The day lily in Victorian language was associated with coquetry — the art of flirtatious delay and the cultivated expectation of pursuit. The day lily's single-day bloom (each flower opens for one day only before closing permanently) made it a natural emblem of the brief, pleasurable moments of flirtation that were understood as fundamentally transient. Yellow lilies were associated with falsehood in some Victorian dictionaries, making them a potentially pointed gift in the context of a suspected deception.
The Lily as a Tattoo
The Lily appears in body art mainly for its core symbolism described above. If you are planning a tattoo, our pairing checker can help you combine it thoughtfully with other symbols.
Related Symbols
Lily — FAQ
- What does the white lily symbolise in Christianity?

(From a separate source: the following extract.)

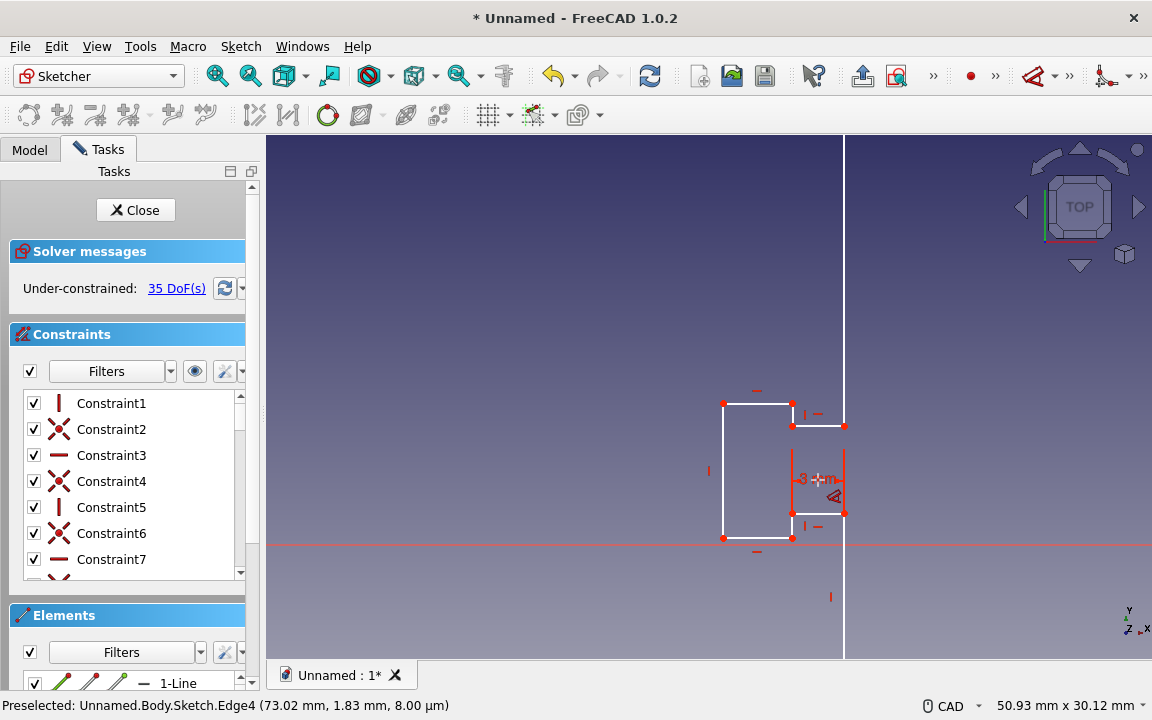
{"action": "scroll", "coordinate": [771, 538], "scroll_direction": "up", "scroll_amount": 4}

- In Christianity, the white lily (Madonna lily) is the primary emblem of the Virgin Mary, symbolising her purity and divine favour. It appears in virtually every depiction of the Annunciation scene, where the angel Gabriel announces Mary's miraculous conception. White lilies also symbolise Easter resurrection, connecting the flower's spring renewal to the resurrection of Christ.
- What is the difference between the Madonna lily and the Easter lily?
- The Madonna lily (Lilium candidum) is the ancient Mediterranean species historically depicted in Christian Annunciation paintings as Mary's flower. The Easter lily (Lilium longiflorum) is a separate species native to Japan that was introduced to Western horticulture in the 19th century and became commercially associated with Easter in the 20th century, primarily in American church tradition. Both are white and both carry Christian symbolic meaning, but they are botanically distinct plants.
- What does the fleur-de-lis represent?
- The fleur-de-lis is a stylised three-petalled lily form that became the symbol of French royal authority from at least the 12th century. It appears on the arms of numerous French-influenced regions worldwide — Louisiana, Quebec, Florence, and many others. Its botanical identity is debated: it may represent a true lily, an iris, or a non-botanical royal symbol. Its meaning is consistently one of royalty, sovereignty, and noble authority.